Slowly, following this woman from a distance, I came to understand how theoretical the residents’ discussion about high-level diagnosis and treatment on that first day had been.  There were other patients at Mulago who I followed more closely, who I was more invested in emotionally, whose failures to get treatment that would have been given without a second’s hesitation in the U.S. felt like a personal indictment.  But following this woman’s hospital course as a more distant observer let me push aside the emotional component and really think about how hard it must be to train in this system and to maintain the intellectual curiosity and commitment to learning that many of the Ugandan residents demonstrated that first day and in all of the days that followed.

Allsion Arwady making house calls in the outskirts of Kampala , photo by John Curtis
Allison making house calls in the outskirts of Kampala.

Today is my last day at Mulago.  Today, as I say my goodbyes and thanks around the hospital, I will visit the 31-year-old woman with the pretty, round face and the superior vena cava syndrome.  I will greet her hovering husband, smile at her toothless mother, and admire her colorful dress.  I obviously cannot even begin to explain superior vena cava syndrome in Luganda, even if it were my role to do so.

Even if I stole a few minutes of an overworked nurse’s time to translate, I have nothing to say.  I cannot say, “you have superior vena cava syndrome, probably from some kind of tumor, and I know your doctors are doing everything they know how to do to try to help you,” because it would be a lie.  Her doctors know so much but can do so little.  I cannot say, “You will die, most likely without receiving any treatment, simply because I am talking to you in Kampala and not New Haven,” because it would be the truth but would serve no purpose.

I will leave Mulago with mixed emotions

I will leave Mulago knowing that I have offered her no treatment and given her nothing besides a now well-thumbed picture of her family printed on computer paper.  I have taken from her a better understanding of her disease process, an unforgettable lesson in how to assess the flow through collateral veins, and, most of all, a clearer appreciation for the doctors training in a setting that can defeat intellectual curiosity and extinguish hope.
I will leave Mulago with mixed emotions, saddened and frustrated by the lack of resources here, but also energized to use this experience as a springboard to learn medicine as well as I possibly can.
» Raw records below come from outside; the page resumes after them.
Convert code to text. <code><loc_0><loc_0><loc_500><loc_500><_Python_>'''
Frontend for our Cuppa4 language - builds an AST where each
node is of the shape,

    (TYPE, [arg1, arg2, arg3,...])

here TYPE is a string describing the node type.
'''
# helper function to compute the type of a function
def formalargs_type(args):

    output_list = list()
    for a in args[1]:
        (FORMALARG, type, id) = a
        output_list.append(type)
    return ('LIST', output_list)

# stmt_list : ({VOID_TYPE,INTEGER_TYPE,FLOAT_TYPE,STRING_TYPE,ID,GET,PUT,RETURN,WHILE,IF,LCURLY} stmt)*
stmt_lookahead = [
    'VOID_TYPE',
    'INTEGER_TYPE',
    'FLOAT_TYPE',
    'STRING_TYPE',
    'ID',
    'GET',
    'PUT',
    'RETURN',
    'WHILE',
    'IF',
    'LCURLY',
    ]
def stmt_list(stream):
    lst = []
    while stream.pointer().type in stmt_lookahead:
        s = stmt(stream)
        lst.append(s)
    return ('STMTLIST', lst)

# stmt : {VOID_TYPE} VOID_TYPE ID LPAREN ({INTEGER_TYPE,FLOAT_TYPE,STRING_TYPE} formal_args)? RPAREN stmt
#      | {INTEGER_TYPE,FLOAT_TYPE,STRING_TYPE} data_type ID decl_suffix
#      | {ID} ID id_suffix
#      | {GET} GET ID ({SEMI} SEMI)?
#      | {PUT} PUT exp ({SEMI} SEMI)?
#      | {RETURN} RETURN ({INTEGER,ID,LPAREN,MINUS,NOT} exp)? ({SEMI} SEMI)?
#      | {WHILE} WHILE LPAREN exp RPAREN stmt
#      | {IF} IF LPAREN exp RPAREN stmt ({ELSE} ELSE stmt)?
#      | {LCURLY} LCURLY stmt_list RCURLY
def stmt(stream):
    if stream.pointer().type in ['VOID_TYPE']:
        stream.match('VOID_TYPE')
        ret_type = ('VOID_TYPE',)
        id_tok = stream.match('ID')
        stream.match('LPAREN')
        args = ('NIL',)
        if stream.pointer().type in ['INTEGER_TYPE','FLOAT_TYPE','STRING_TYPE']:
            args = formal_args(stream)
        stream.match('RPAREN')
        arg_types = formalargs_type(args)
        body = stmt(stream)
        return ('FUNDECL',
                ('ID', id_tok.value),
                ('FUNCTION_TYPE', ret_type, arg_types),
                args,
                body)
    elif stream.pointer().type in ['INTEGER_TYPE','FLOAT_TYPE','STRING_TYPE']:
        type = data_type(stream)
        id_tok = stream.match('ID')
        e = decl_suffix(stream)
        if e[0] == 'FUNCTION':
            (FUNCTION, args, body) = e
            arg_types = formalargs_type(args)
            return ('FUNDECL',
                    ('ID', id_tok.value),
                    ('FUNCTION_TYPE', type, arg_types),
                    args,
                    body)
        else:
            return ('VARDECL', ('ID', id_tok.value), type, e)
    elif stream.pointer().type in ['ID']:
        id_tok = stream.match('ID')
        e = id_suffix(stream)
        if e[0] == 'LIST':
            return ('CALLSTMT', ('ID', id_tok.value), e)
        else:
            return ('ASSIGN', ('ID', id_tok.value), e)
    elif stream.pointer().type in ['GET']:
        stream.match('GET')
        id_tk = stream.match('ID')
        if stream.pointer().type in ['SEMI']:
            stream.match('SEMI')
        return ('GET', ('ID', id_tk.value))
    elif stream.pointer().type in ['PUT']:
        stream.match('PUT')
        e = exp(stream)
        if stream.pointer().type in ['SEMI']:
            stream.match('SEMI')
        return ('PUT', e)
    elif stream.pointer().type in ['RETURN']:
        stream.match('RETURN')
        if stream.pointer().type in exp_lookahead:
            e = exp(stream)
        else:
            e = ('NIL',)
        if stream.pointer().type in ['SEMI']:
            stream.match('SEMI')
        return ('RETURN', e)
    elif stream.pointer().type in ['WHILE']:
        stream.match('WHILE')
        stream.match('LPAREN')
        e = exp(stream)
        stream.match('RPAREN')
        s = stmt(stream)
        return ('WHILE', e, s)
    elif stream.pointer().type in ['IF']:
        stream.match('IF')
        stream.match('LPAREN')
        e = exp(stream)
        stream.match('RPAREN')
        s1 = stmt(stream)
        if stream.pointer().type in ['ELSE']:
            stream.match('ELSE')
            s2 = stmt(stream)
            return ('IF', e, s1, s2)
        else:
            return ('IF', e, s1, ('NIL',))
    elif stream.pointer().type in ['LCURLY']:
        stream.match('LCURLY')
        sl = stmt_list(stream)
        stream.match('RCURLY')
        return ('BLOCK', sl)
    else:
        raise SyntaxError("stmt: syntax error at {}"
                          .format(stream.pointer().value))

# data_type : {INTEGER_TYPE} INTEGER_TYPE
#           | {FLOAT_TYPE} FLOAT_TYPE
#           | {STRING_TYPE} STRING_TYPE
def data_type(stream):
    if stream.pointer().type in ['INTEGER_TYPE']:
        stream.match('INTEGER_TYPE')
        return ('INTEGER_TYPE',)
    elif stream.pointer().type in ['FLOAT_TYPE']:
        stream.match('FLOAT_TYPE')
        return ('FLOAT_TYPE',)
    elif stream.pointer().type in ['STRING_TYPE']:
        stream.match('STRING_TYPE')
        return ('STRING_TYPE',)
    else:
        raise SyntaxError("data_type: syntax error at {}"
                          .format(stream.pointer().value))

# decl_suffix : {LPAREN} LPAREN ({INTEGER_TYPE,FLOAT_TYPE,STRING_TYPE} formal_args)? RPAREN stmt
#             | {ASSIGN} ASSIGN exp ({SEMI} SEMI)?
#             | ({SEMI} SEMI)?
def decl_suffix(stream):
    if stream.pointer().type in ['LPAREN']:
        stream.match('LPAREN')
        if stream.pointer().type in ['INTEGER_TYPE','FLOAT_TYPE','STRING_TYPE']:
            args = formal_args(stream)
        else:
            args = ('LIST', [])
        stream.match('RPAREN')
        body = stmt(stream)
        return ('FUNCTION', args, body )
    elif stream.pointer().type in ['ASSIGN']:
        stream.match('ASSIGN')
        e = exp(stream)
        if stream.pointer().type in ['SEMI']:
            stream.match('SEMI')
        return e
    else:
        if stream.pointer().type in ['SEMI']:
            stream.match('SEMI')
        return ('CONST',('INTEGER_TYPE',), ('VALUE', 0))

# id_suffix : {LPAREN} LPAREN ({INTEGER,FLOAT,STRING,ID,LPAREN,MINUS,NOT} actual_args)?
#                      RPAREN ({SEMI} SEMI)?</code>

I carry, I think, a new appreciation for what a privilege it is to be able to make most patient care and treatment decisions in the United States based on available knowledge and not available resources.  The doctors training at Mulago and the patients dying at Mulago, like this young woman with superior vena cava syndrome, obviously deserve this same privilege.  But I cannot say any of this to her.

And so, because there is nothing else to say, because it serves no purpose to sink into sadness, because anger without power and resources achieves little, I will push away the emotions this afternoon.  She and her family will greet me warmly, as they always do, and we will exchange the now-familiar Luganda greetings and basic questions about how she is feeling today.

I will explain that I am returning to the United States, and we will never mention the disease that will probably kill her quickly without treatment. “Bera belungi,” I will say, “be well.” As she always does, she will clasp my hand, smile, and say “Webale, musawo,” thank you, doctor.  I will smile back and simply say once more, in Luganda, “you have a beautiful baby.”